I was following the Landau-lifschitz book on classical mechanics to be honest, where they describe it in a similar manner. I think what is perhaps meant is that using this information as initial conditions for an equation of motion one can uniquely determine the acceleration at that initial instant?!
My thoughts were that for each possible path between to points, the lagrangian is a function of the coordinates and velocities of this path, such that, at each instant in time along the time interval the lagrangian characterises the dynamics of the system if it were to follow that path (i.e. by plugging in the values of the coordinates and velocities at each instant in time along the path into the lagrangian we can characterise the dynamics of the system along that path).

17. Oct 4, 2014

### Fredrik

Staff Emeritus
The notation $F(x,y,y')$ is pretty bad in my opinion. It should be $F(x,y(x),y'(x))$. $y$ is a function. $y(x)$ is an element of the codomain of $y$, so it's typically a number. $F$ doesn't take functions as input. It takes three real numbers.

Similarly, I would never write $S[\vec q(t)]$, because $\vec q(t)$ is an element of $\mathbb R^3$, not a function. (It's a "function of t" in the sense that its value is determined by the value of t, but it's still not a function). I would write
$$S[\vec q]=\int_a^b L(\vec q(t),\vec q'(t),t)\mathrm dt.$$ (When I do calculations with a pen and paper, I will of course abuse the notation to avoid having to write everything out). $L$ is usually something very simple. In the classical theory of a single particle moving in 1 dimension, as influenced by a potential $V:\mathbb R\to\mathbb R$, it can be defined by $L(r,s,u)=\frac{1}{2}ms^2-V(r)$ for all $r,s,u\in\mathbb R$. Note that this ensures that $L(q(t),q'(t),t)=\frac{1}{2}mq'(t)^2-V(q(t))$ for all t.

18. Oct 4, 2014

### "Don't panic!"

Exactly. That's what I was trying to allude to in my description. The Lagrangian is a function of the values of the coordinates and velocities of the particle at each given instant over the time interval considered.

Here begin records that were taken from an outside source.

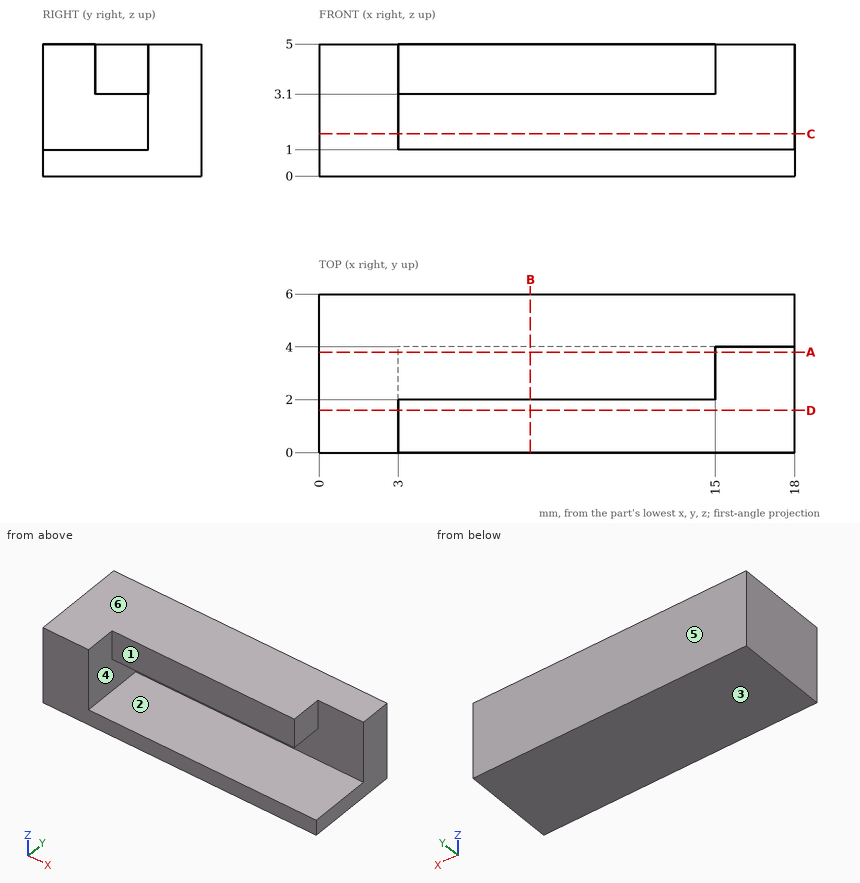
Input: dimensioned drawing with shaded views. Units: mm. Origin: part minimum x, y, z. A direction names the side the tool comes from. Coordinates: 2 decimals unless noted, no trailing zeros. Order: outer loops, then holes, each group sorted by start corner. A loop starts at its lowest first (then second) coordinate and runs counter-clockwise, first axis right, second up. Notation, with made-up numbers: (63, 36) - (89, 36) arc R21 cw to (89, 51) - close; hole circle Ø3 at (48.5, 64.5). An arc over 180 degrees is marked (long way). Put each result on its own line as item: value.
1. Contact query for flat-ended pins moving along their axis: pin 1 Ø1 at (x, z) = (7.5, 4.5) entering from -Y; pin 2 Ø2 at (y, z) = (2, 2.5) entering from +X. Output: stop coordinate, or through.
Report:
pin 1: stops at y = 2
pin 2: stops at x = 15
2. Cut plane B-B on x = 8. Return the cut outline in (y, z).
Report:
outline: (0, 0) - (6, 0) - (6, 5) - (2, 5) - (2, 3.1) - (4, 3.1) - (4, 1) - (0, 1) - close
3. Cut plane C-C on z = 1.6. Return the cut outline in (x, y), then the cut area to 3 significant figures.
Report:
outline: (0, 0) - (3, 0) - (3, 4) - (18, 4) - (18, 6) - (0, 6) - close
area: 48.0 mm2
4. Cut plane A-A on y = 3.8. Return the cut outline in (x, z).
Report:
outline: (0, 0) - (18, 0) - (18, 1) - (3, 1) - (3, 3.1) - (15, 3.1) - (15, 5) - (0, 5) - close
5. Line query: line 1 along Z through (x, y) = (12.25, 2.6); line 2 along Z through (x, y) = (7.5, 1.05); line 3 along Y through (x, z) = (12.5, 1.9). Output: solid intervals per line, ascending.
Report:
line 1: z = 0 to 1, 3.1 to 5
line 2: z = 0 to 1
line 3: y = 4 to 6
6. Reachability of the marked faces 1, 2 and 3 from +Z, -Z, +X, -X, +Y, -Y: full face, straight path, thin tool, end or side. Return the list, or none.
Report:
face 1: +Z, +X, -Y
face 2: +X, -Y
face 3: -Z, +X, -X, +Y, -Y
7. Cut plane D-D on y = 1.6. Return the cut outline in (x, z).
Report:
outline: (0, 0) - (18, 0) - (18, 1) - (3, 1) - (3, 5) - (0, 5) - close
8. Draft query along Z for the marked faces 4, 5 and 6. Return one class per face: pulls with the +Z half, pulls with the -Z half, needs draft (parallel to the pull), parting line crosses it, or undercut.
Report:
face 4: undercut
face 5: needs draft
face 6: pulls with the +Z half
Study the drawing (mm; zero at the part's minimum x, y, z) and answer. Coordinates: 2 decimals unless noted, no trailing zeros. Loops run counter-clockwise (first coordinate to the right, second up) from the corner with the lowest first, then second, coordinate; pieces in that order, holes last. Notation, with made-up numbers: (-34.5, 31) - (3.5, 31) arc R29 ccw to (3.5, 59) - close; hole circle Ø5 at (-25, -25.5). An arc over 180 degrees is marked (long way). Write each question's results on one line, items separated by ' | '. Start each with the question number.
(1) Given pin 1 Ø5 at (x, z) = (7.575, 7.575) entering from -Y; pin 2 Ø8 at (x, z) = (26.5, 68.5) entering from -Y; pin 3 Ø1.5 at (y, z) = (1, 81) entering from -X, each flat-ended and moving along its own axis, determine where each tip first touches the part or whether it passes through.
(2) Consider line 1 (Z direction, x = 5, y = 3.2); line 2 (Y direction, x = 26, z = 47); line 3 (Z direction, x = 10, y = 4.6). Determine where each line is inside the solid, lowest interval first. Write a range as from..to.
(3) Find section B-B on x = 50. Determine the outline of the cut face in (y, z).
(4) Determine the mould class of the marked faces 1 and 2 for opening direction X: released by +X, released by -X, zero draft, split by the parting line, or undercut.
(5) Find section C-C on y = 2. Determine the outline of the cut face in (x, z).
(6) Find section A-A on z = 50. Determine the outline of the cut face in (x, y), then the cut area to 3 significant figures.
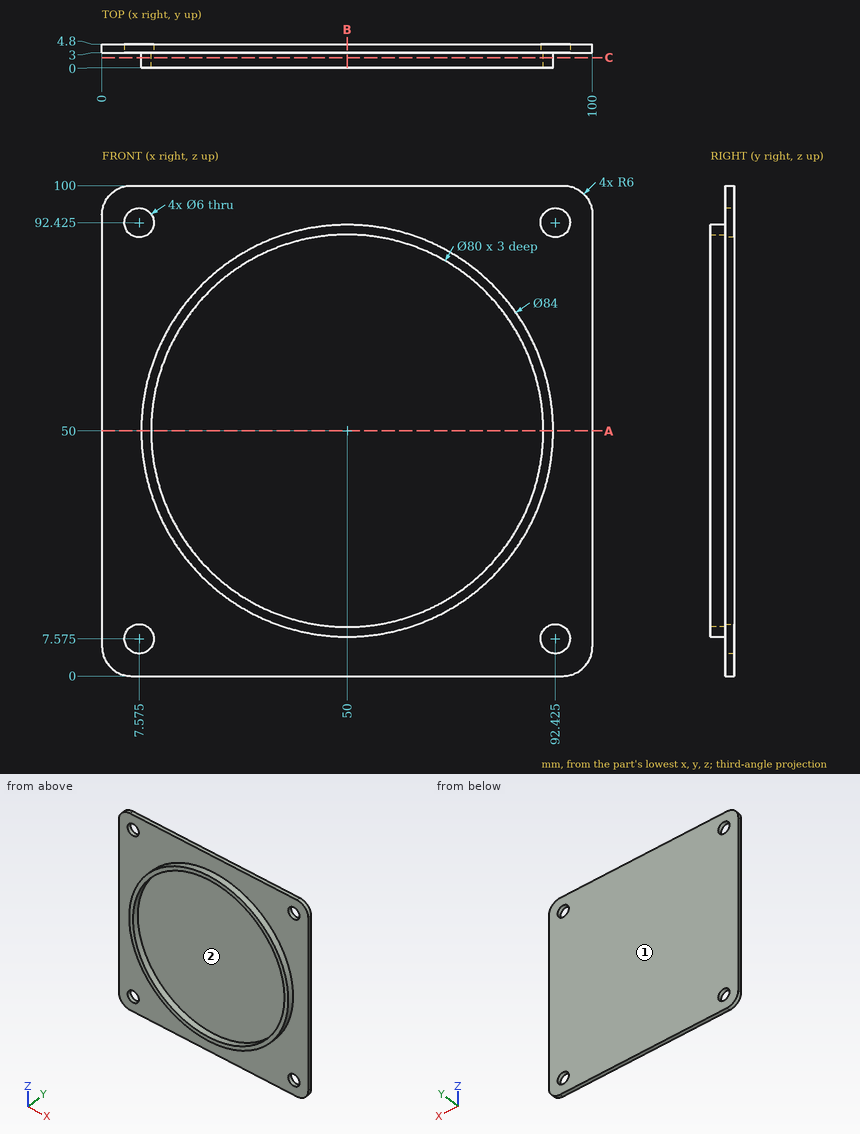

Would what I said in the post (above yours) about why the Lagrangian is a function of coordinates and velocities, in a more general sense, be correct? (I know that for conservative systems it assumes the form $\mathcal{L}=T-V$, but I was trying to justify to myself the reasoning as to why we consider the Lagrangian to be a function of position and velocity in the first place, before considering any particular cases, in which the components, such as $T$ and $V$, are clearly functions of the coordinates and velocities?)

Also, is what I said about the action (in previous post), i.e. as a means of attributing a value to the characteristic dynamics of a system due to it following a particular path, $\vec{q}$, enabling us to distinguish the actual physical path taken by the system (using variational techniques), correct?

19. Oct 4, 2014

### "Don't panic!"

In reference to this part I was following Landau-Lifschitz:

"If all the coordinates and velocities are simultaneously specified, it is known from experience that the state of the system is completely determined and it's subsequent motion can, in principle, be calculated. Mathematically, this means that, if all the coordinates $q$ and velocities $\dot{q}$ are given at some instant, the accelerations $\ddot{q}$ at that instant are uniquely defined."

(Mechanics, L.D. Landau & E.M.Lifschitz)

That sounds like the theorem that says (roughly) that if f is a nice enough function, then the differential equation $\vec x''(t)=f(\vec x(t),\vec x'(t),t)$ has a unique solution for each initial condition $\vec x(t_0)=\vec x_0$, $\vec x'(t_0)=\vec v_0$.
Lagrangian mechanics is based on a slightly different theorem (I don't recall actually seeing such a theorem, but I'm fairly sure that one exists): A unique solution for each boundary condition $\vec x(t_a)=x_a$, $\vec x(t_b)=\vec x_b$.